DATA UNDER STUDY Start Marker
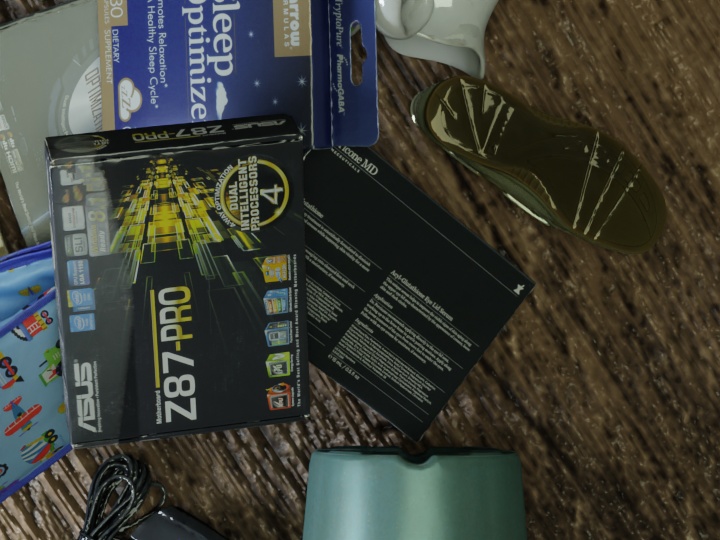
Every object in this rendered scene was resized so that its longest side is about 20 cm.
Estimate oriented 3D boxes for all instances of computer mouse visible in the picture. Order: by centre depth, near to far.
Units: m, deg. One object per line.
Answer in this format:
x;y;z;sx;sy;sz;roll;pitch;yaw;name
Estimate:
-0.120;0.233;1.392;0.199;0.053;0.140;27;91;-8;computer mouse

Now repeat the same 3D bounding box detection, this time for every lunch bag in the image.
-0.214;0.056;1.315;0.199;0.151;0.094;-28;53;-8;lunch bag

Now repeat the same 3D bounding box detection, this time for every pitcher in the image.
0.066;-0.242;1.313;0.120;0.171;0.202;20;94;15;pitcher

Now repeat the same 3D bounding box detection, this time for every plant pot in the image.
0.038;0.222;1.348;0.198;0.200;0.198;2;87;-6;plant pot

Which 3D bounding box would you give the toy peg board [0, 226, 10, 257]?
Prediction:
-0.358;-0.046;1.320;0.198;0.098;0.201;-19;97;-5;toy peg board

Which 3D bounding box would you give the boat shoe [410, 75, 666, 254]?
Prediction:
0.128;-0.076;1.397;0.199;0.063;0.074;25;87;-14;boat shoe

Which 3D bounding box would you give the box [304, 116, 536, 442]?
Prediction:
0.000;0.000;1.348;0.200;0.079;0.142;38;92;-25;box

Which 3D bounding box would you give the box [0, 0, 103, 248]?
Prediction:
-0.174;-0.090;1.362;0.159;0.044;0.202;-18;97;-5;box

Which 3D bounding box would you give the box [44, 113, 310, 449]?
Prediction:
-0.114;0.007;1.243;0.159;0.049;0.202;-5;114;-11;box

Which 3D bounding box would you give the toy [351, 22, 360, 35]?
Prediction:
-0.077;-0.228;1.340;0.200;0.047;0.115;47;61;-11;toy

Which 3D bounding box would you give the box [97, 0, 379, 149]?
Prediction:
-0.083;-0.139;1.279;0.198;0.032;0.123;0;95;26;box
DATA UNDER STUDY End Marker
* **ABOUT THIS TASK**:
From the first line to the last, print the records exactly; leave out the pictures.

* **SOLUTION**:
Every object in this rendered scene was resized so that its longest side is about 20 cm.
Estimate oriented 3D boxes for all instances of computer mouse visible in the picture. Order: by centre depth, near to far.
Units: m, deg. One object per line.
Answer in this format:
x;y;z;sx;sy;sz;roll;pitch;yaw;name
Estimate:
-0.120;0.233;1.392;0.199;0.053;0.140;27;91;-8;computer mouse

Now repeat the same 3D bounding box detection, this time for every lunch bag in the image.
-0.214;0.056;1.315;0.199;0.151;0.094;-28;53;-8;lunch bag

Now repeat the same 3D bounding box detection, this time for every pitcher in the image.
0.066;-0.242;1.313;0.120;0.171;0.202;20;94;15;pitcher

Now repeat the same 3D bounding box detection, this time for every plant pot in the image.
0.038;0.222;1.348;0.198;0.200;0.198;2;87;-6;plant pot

Which 3D bounding box would you give the toy peg board [0, 226, 10, 257]?
Prediction:
-0.358;-0.046;1.320;0.198;0.098;0.201;-19;97;-5;toy peg board

Which 3D bounding box would you give the boat shoe [410, 75, 666, 254]?
Prediction:
0.128;-0.076;1.397;0.199;0.063;0.074;25;87;-14;boat shoe

Which 3D bounding box would you give the box [304, 116, 536, 442]?
Prediction:
0.000;0.000;1.348;0.200;0.079;0.142;38;92;-25;box

Which 3D bounding box would you give the box [0, 0, 103, 248]?
Prediction:
-0.174;-0.090;1.362;0.159;0.044;0.202;-18;97;-5;box

Which 3D bounding box would you give the box [44, 113, 310, 449]?
Prediction:
-0.114;0.007;1.243;0.159;0.049;0.202;-5;114;-11;box

Which 3D bounding box would you give the toy [351, 22, 360, 35]?
Prediction:
-0.077;-0.228;1.340;0.200;0.047;0.115;47;61;-11;toy

Which 3D bounding box would you give the box [97, 0, 379, 149]?
Prediction:
-0.083;-0.139;1.279;0.198;0.032;0.123;0;95;26;box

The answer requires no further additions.